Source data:
- - - - -

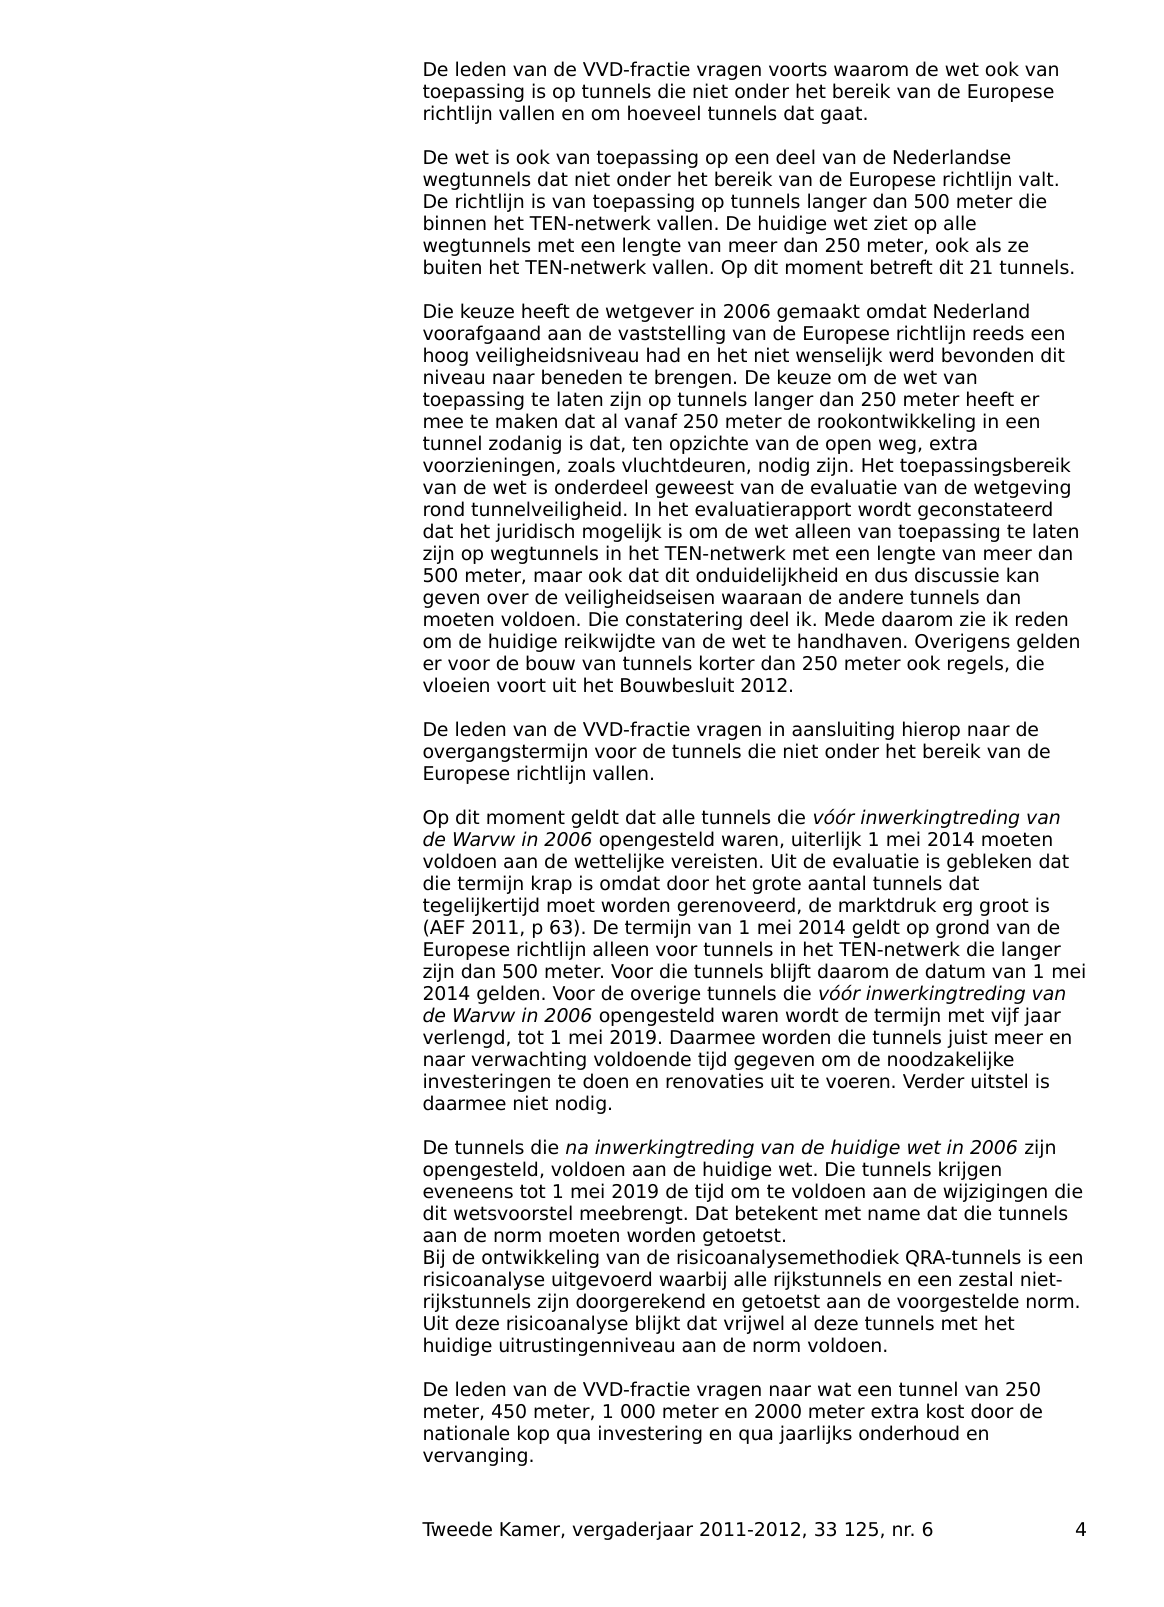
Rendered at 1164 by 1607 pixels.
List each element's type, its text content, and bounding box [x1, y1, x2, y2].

text Die keuze heeft de wetgever in 2006 gemaakt omdat Nederland voorafgaand aan de vaststelling van de Europese richtlijn reeds een hoog veiligheidsniveau had en het niet wenselijk werd bevonden dit niveau naar beneden te brengen. De keuze om de wet van toepassing te laten zijn op tunnels langer dan 250 meter heeft er mee te maken dat al vanaf 250 meter de rookontwikkeling in een tunnel zodanig is dat, ten opzichte van de open weg, extra voorzieningen, zoals vluchtdeuren, nodig zijn. Het toepassingsbereik van de wet is onderdeel geweest van de evaluatie van de wetgeving rond tunnelveiligheid. In het evaluatierapport wordt geconstateerd dat het juridisch mogelijk is om de wet alleen van toepassing te laten zijn op wegtunnels in het TEN-netwerk met een lengte van meer dan 500 meter, maar ook dat dit onduidelijkheid en dus discussie kan geven over de veiligheidseisen waaraan de andere tunnels dan moeten voldoen. Die constatering deel ik. Mede daarom zie ik reden om de huidige reikwijdte van de wet te handhaven. Overigens gelden er voor de bouw van tunnels korter dan 250 meter ook regels, die vloeien voort uit het Bouwbesluit 2012. [422, 301, 1087, 697]
text Op dit moment geldt dat alle tunnels die vóór inwerkingtreding van de Warvw in 2006 opengesteld waren, uiterlijk 1 mei 2014 moeten voldoen aan de wettelijke vereisten. Uit de evaluatie is gebleken dat die termijn krap is omdat door het grote aantal tunnels dat tegelijkertijd moet worden gerenoveerd, de marktdruk erg groot is (AEF 2011, p 63). De termijn van 1 mei 2014 geldt op grond van de Europese richtlijn alleen voor tunnels in het TEN-netwerk die langer zijn dan 500 meter. Voor die tunnels blijft daarom de datum van 1 mei 2014 gelden. Voor de overige tunnels die vóór inwerkingtreding van de Warvw in 2006 opengesteld waren wordt de termijn met vijf jaar verlengd, tot 1 mei 2019. Daarmee worden die tunnels juist meer en naar verwachting voldoende tijd gegeven om de noodzakelijke investeringen te doen en renovaties uit te voeren. Verder uitstel is daarmee niet nodig. [422, 807, 1087, 1115]
text De tunnels die na inwerkingtreding van de huidige wet in 2006 zijn opengesteld, voldoen aan de huidige wet. Die tunnels krijgen eveneens tot 1 mei 2019 de tijd om te voldoen aan de wijzigingen die dit wetsvoorstel meebrengt. Dat betekent met name dat die tunnels aan de norm moeten worden getoetst. [422, 1137, 1087, 1247]
text De leden van de VVD-fractie vragen naar wat een tunnel van 250 meter, 450 meter, 1 000 meter en 2000 meter extra kost door de nationale kop qua investering en qua jaarlijks onderhoud en vervanging. [422, 1379, 1087, 1467]
text De wet is ook van toepassing op een deel van de Nederlandse wegtunnels dat niet onder het bereik van de Europese richtlijn valt. De richtlijn is van toepassing op tunnels langer dan 500 meter die binnen het TEN-netwerk vallen. De huidige wet ziet op alle wegtunnels met een lengte van meer dan 250 meter, ook als ze buiten het TEN-netwerk vallen. Op dit moment betreft dit 21 tunnels. [422, 147, 1087, 279]
text De leden van de VVD-fractie vragen voorts waarom de wet ook van toepassing is op tunnels die niet onder het bereik van de Europese richtlijn vallen en om hoeveel tunnels dat gaat. [422, 59, 1087, 125]
text Bij de ontwikkeling van de risicoanalysemethodiek QRA-tunnels is een risicoanalyse uitgevoerd waarbij alle rijkstunnels en een zestal niet-rijkstunnels zijn doorgerekend en getoetst aan de voorgestelde norm. Uit deze risicoanalyse blijkt dat vrijwel al deze tunnels met het huidige uitrustingenniveau aan de norm voldoen. [422, 1247, 1087, 1357]
text De leden van de VVD-fractie vragen in aansluiting hierop naar de overgangstermijn voor de tunnels die niet onder het bereik van de Europese richtlijn vallen. [422, 719, 1087, 785]

- - - - -

■ **WORK REQUIRED**: Because only the text is wanted, repeat all the entries exactly and leave out the pictures.

■ **RESULT OF THIS TASK**:
Rendered at 1164 by 1607 pixels.
List each element's type, its text content, and bounding box [x1, y1, x2, y2].

text Die keuze heeft de wetgever in 2006 gemaakt omdat Nederland voorafgaand aan de vaststelling van de Europese richtlijn reeds een hoog veiligheidsniveau had en het niet wenselijk werd bevonden dit niveau naar beneden te brengen. De keuze om de wet van toepassing te laten zijn op tunnels langer dan 250 meter heeft er mee te maken dat al vanaf 250 meter de rookontwikkeling in een tunnel zodanig is dat, ten opzichte van de open weg, extra voorzieningen, zoals vluchtdeuren, nodig zijn. Het toepassingsbereik van de wet is onderdeel geweest van de evaluatie van de wetgeving rond tunnelveiligheid. In het evaluatierapport wordt geconstateerd dat het juridisch mogelijk is om de wet alleen van toepassing te laten zijn op wegtunnels in het TEN-netwerk met een lengte van meer dan 500 meter, maar ook dat dit onduidelijkheid en dus discussie kan geven over de veiligheidseisen waaraan de andere tunnels dan moeten voldoen. Die constatering deel ik. Mede daarom zie ik reden om de huidige reikwijdte van de wet te handhaven. Overigens gelden er voor de bouw van tunnels korter dan 250 meter ook regels, die vloeien voort uit het Bouwbesluit 2012. [422, 301, 1087, 697]
text Op dit moment geldt dat alle tunnels die vóór inwerkingtreding van de Warvw in 2006 opengesteld waren, uiterlijk 1 mei 2014 moeten voldoen aan de wettelijke vereisten. Uit de evaluatie is gebleken dat die termijn krap is omdat door het grote aantal tunnels dat tegelijkertijd moet worden gerenoveerd, de marktdruk erg groot is (AEF 2011, p 63). De termijn van 1 mei 2014 geldt op grond van de Europese richtlijn alleen voor tunnels in het TEN-netwerk die langer zijn dan 500 meter. Voor die tunnels blijft daarom de datum van 1 mei 2014 gelden. Voor de overige tunnels die vóór inwerkingtreding van de Warvw in 2006 opengesteld waren wordt de termijn met vijf jaar verlengd, tot 1 mei 2019. Daarmee worden die tunnels juist meer en naar verwachting voldoende tijd gegeven om de noodzakelijke investeringen te doen en renovaties uit te voeren. Verder uitstel is daarmee niet nodig. [422, 807, 1087, 1115]
text De tunnels die na inwerkingtreding van de huidige wet in 2006 zijn opengesteld, voldoen aan de huidige wet. Die tunnels krijgen eveneens tot 1 mei 2019 de tijd om te voldoen aan de wijzigingen die dit wetsvoorstel meebrengt. Dat betekent met name dat die tunnels aan de norm moeten worden getoetst. [422, 1137, 1087, 1247]
text De leden van de VVD-fractie vragen naar wat een tunnel van 250 meter, 450 meter, 1 000 meter en 2000 meter extra kost door de nationale kop qua investering en qua jaarlijks onderhoud en vervanging. [422, 1379, 1087, 1467]
text De wet is ook van toepassing op een deel van de Nederlandse wegtunnels dat niet onder het bereik van de Europese richtlijn valt. De richtlijn is van toepassing op tunnels langer dan 500 meter die binnen het TEN-netwerk vallen. De huidige wet ziet op alle wegtunnels met een lengte van meer dan 250 meter, ook als ze buiten het TEN-netwerk vallen. Op dit moment betreft dit 21 tunnels. [422, 147, 1087, 279]
text De leden van de VVD-fractie vragen voorts waarom de wet ook van toepassing is op tunnels die niet onder het bereik van de Europese richtlijn vallen en om hoeveel tunnels dat gaat. [422, 59, 1087, 125]
text Bij de ontwikkeling van de risicoanalysemethodiek QRA-tunnels is een risicoanalyse uitgevoerd waarbij alle rijkstunnels en een zestal niet-rijkstunnels zijn doorgerekend en getoetst aan de voorgestelde norm. Uit deze risicoanalyse blijkt dat vrijwel al deze tunnels met het huidige uitrustingenniveau aan de norm voldoen. [422, 1247, 1087, 1357]
text De leden van de VVD-fractie vragen in aansluiting hierop naar de overgangstermijn voor de tunnels die niet onder het bereik van de Europese richtlijn vallen. [422, 719, 1087, 785]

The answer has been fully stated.